Wag's
- Old photo scan of Wag's newspaper ad
- Industry: Casual dining & Pancake house
- Founded: 1975; 51 years ago
- Defunct: 1991; 35 years ago
- Fate: Closed
- Headquarters: Deerfield, Illinois, United States
- Area served: Chicago metropolitan area and Florida
- Parent: Walgreens (1975-1988) Marriott Corp. (1988–1991)

= Wag's =

American former restaurant chain

Wag's was a chain of casual dining (or "family") restaurants owned and operated by Walgreens in the 1970s and 1980s.

==History==
Wag's was started in 1975 by Walgreens and was based on smaller restaurants that existed in some of the larger Walgreens stores.

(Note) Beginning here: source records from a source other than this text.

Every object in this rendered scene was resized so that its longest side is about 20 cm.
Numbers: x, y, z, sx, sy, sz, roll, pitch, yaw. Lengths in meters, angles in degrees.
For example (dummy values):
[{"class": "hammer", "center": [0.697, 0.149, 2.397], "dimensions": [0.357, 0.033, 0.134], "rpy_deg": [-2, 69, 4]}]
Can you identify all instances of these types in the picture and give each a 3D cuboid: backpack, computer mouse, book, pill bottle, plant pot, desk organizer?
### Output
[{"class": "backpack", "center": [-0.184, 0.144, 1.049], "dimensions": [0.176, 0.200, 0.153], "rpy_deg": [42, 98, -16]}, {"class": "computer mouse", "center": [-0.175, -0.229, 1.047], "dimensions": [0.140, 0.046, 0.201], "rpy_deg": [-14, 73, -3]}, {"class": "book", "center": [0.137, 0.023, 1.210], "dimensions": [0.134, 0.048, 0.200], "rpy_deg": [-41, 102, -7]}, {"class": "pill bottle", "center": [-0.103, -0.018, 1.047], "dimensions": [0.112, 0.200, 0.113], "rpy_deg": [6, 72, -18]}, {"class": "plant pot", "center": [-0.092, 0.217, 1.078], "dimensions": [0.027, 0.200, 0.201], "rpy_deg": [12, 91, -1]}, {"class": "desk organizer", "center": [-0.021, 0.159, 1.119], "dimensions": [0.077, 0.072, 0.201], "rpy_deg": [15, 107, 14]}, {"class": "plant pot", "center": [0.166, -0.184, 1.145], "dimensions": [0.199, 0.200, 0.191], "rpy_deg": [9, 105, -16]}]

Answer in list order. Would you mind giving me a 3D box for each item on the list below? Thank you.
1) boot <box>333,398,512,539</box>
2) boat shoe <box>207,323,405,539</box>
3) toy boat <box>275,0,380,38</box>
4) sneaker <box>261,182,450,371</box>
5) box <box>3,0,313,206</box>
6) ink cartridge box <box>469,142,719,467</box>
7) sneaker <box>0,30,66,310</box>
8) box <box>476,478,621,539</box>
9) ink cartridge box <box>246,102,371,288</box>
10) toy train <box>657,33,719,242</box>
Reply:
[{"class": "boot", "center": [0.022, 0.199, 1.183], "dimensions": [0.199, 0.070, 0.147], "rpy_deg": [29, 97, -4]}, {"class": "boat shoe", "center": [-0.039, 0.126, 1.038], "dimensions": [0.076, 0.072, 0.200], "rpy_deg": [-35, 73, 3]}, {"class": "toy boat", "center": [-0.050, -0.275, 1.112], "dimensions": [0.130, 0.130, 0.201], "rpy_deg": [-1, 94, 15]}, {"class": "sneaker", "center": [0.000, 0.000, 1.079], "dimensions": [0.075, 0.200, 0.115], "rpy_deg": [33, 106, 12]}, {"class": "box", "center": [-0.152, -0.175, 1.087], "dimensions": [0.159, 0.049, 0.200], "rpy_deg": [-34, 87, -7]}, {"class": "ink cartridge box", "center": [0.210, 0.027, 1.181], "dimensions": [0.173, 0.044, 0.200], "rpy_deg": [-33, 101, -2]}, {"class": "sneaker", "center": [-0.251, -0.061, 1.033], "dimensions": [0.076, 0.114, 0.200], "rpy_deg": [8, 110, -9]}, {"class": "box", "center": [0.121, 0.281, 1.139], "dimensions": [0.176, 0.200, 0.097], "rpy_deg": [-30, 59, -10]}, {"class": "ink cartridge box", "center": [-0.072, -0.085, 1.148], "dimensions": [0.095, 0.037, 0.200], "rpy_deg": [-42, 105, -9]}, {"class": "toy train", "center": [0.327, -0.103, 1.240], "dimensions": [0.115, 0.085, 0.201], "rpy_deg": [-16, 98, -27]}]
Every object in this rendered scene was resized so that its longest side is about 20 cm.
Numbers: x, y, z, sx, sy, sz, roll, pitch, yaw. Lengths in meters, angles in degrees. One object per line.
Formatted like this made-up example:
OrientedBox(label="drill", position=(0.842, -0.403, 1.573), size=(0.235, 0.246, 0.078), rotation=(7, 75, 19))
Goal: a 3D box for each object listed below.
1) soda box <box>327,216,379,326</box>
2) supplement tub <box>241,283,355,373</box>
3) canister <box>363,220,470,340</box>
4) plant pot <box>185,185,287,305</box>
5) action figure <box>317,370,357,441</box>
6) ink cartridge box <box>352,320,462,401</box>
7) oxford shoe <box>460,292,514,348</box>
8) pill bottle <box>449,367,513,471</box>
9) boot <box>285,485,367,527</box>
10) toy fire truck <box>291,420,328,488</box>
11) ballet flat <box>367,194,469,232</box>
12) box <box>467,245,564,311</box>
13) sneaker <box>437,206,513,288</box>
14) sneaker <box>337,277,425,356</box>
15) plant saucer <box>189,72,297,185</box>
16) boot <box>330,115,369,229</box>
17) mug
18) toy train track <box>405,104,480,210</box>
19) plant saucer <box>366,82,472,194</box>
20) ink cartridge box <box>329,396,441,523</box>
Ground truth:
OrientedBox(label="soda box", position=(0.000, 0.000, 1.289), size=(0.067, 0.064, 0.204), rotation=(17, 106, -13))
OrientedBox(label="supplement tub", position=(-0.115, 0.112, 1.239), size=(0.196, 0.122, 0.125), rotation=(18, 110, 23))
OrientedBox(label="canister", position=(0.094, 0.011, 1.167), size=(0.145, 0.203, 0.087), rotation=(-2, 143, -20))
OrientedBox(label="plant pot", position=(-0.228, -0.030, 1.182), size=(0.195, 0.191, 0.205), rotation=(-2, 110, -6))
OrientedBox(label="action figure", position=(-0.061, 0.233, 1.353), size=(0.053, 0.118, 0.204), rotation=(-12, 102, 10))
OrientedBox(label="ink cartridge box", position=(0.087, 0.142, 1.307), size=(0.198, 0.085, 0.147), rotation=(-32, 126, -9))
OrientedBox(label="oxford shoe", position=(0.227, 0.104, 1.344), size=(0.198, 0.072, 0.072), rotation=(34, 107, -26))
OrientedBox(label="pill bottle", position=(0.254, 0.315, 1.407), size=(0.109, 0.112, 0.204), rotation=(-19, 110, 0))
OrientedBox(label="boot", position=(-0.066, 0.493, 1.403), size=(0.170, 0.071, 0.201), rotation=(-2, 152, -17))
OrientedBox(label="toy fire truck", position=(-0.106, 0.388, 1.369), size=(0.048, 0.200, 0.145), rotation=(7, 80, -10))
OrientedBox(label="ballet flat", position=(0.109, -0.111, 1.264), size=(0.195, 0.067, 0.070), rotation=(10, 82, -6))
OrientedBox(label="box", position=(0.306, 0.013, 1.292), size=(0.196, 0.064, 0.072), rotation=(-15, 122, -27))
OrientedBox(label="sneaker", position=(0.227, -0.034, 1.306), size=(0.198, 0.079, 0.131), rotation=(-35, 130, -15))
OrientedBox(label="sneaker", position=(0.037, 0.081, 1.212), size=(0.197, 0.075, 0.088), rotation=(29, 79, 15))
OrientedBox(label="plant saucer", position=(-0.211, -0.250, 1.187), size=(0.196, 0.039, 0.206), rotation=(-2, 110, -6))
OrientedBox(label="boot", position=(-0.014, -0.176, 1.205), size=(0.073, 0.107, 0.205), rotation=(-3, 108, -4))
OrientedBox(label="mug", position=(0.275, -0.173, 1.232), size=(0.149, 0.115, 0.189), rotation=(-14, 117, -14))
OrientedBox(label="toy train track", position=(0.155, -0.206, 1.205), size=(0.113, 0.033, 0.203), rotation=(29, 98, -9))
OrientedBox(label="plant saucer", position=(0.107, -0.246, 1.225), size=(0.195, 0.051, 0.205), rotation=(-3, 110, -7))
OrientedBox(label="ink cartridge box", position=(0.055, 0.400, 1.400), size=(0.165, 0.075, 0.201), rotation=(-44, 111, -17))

They were modeled after restaurants like Denny's, Shoney's, and Big Boy in that they were mostly 24-hour establishments specializing in inexpensive fare such as hamburgers and breakfast.

Walgreens sold all 91 freestanding stores to Marriott Corporation in 1988, retaining only a few locations that were situated in malls. Soon after this, Marriott began selling off its assets. Unable to find a buyer for most of the restaurants, the Wag's chain was completely out of business by 1991. However, the 30 Wag's restaurants in the Chicago Metropolitan area were sold to Lunan Corporation (large Arby's franchisee in Chicago) and run by Lunan Family Restaurants. Over the course of 2 years, each Wag's restaurant continued to do business as Wag's until converted to a Shoney's restaurant. Lunan Family Restaurants went out of business in 1994 and Shoney's locations were sold to various chains or individuals. Marriott itself ceased operations in 1993, when they split into two new entities.